The Gold-Silver Ratio: Closing the Gap

Now, here’s where it gets interesting. We at Neptune Global have been talking about this all year; the infamous gold-silver ratio. At the beginning of 2023, this ratio was sitting pretty at 90:1, meaning gold was a whopping 90 times more expensive than silver. Fast forward to now, and it’s tightened to about 83:1.

Why does this matter, you ask? Well, the gold-silver ratio is like the market’s way of telling us which metal might be undervalued. Historically, the 50-year happy median is arguably 50:1, which means there’s still quite a bit of room for silver to catch up. If silver closes in on this historical median while gold stays put, we’re looking at silver jumping up to $51.70, right around its nominal high.

Gold to Silver Ratio – 50 years
macrotrends.com

And if you want to get really excited (or maybe just a little bit greedy), consider this: the inflation-adjusted high for silver right now is a jaw-dropping $145. With rising debt and money printing going into overdrive, that target is getting pushed higher every day.

Silver Price Chart – Inflation Adjusted – 50 years
macrotrends.com

Why Park Your Money in Metals?

With the Fed sending the cost of money down the slide and savings accounts offering laughably low interest rates, where does an investor turn? Historically, precious metals have been the alternative safe haven. Gold and silver don’t just sit pretty in a vault; they preserve purchasing power and, more often than not, outperform those dismal interest rates.

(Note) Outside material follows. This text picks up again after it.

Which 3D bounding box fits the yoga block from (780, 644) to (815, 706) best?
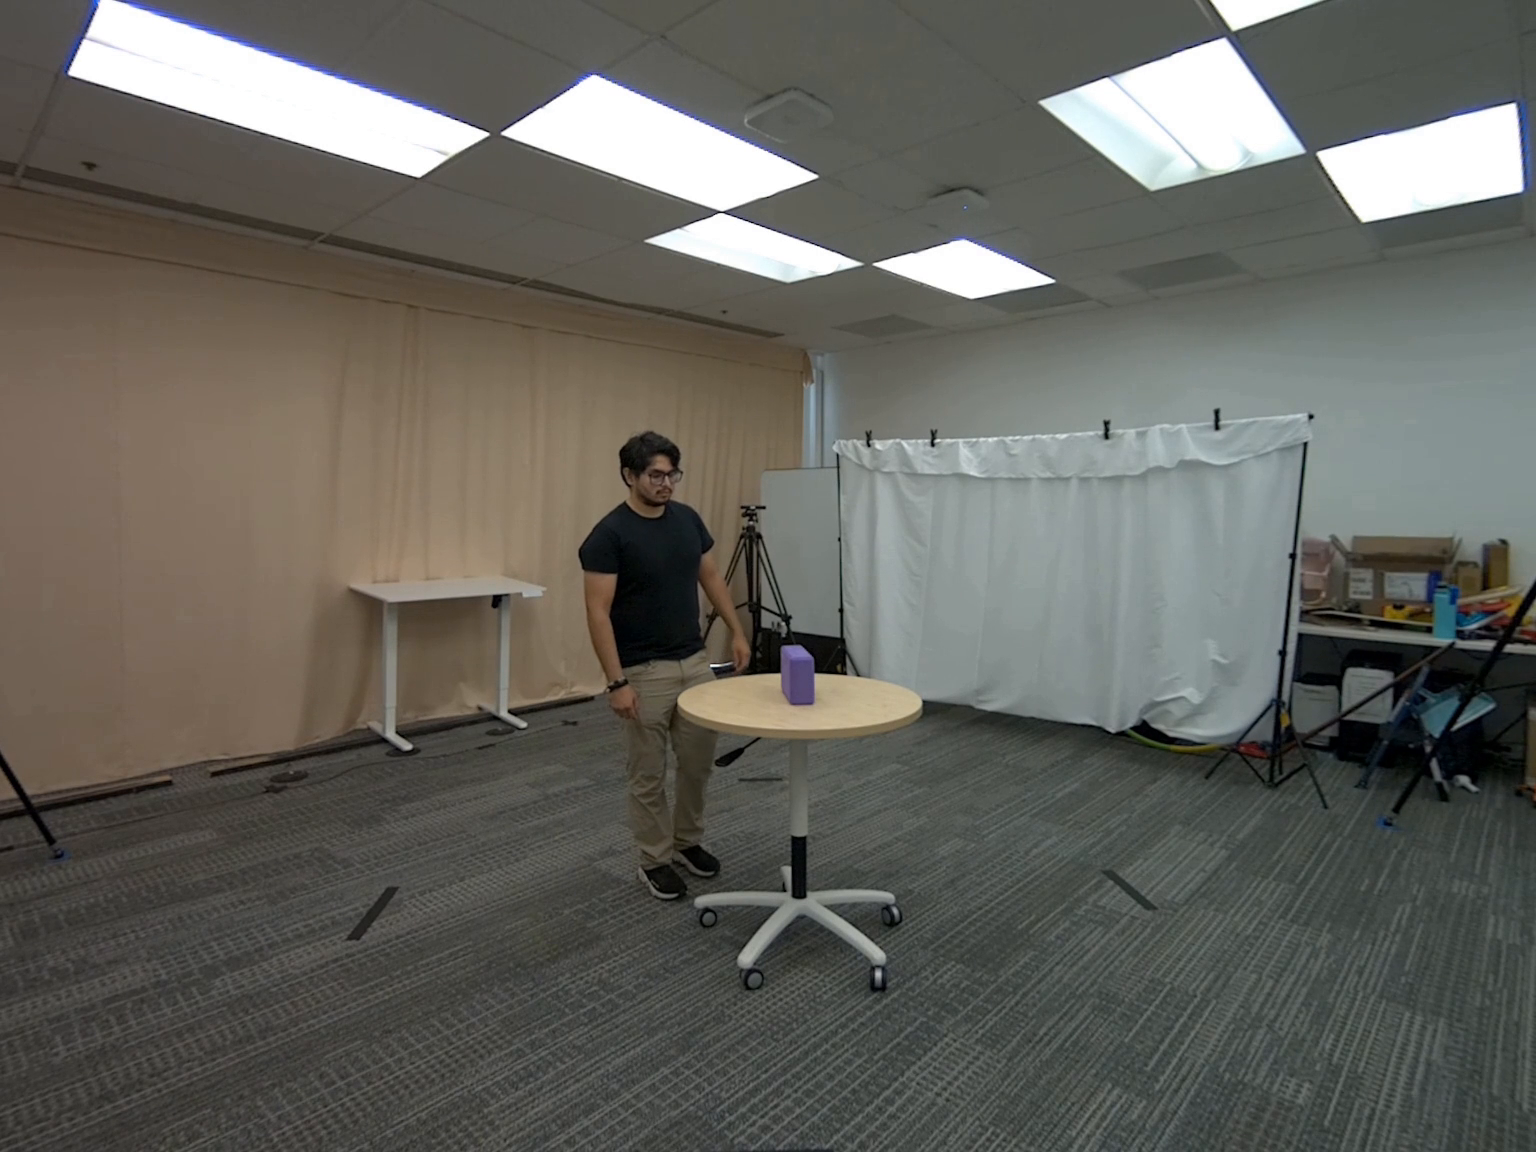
[{"bbox_3d":[0.097,0.312,2.665,0.076,0.149,0.230,0,4,-5],"label":"yoga block"}]

So, why not give your cash a golden parachute? By moving some funds into precious metals, you’re not just hedging against inflation, you’re setting yourself up for a potentially lucrative ride.

The Bottom Line

History has shown us that gold and silver tend to flourish when the Fed cuts rates, and silver, in particular, often shines brighter over the long term. With the gold-silver ratio tightening, silver seems poised for a potential breakout. For those looking to preserve and potentially grow their wealth now again in a world of shrinking interest rates, it might be time to give gold and silver a closer look. After all, these metals have a way of glimmering when the financial skies get cloudy.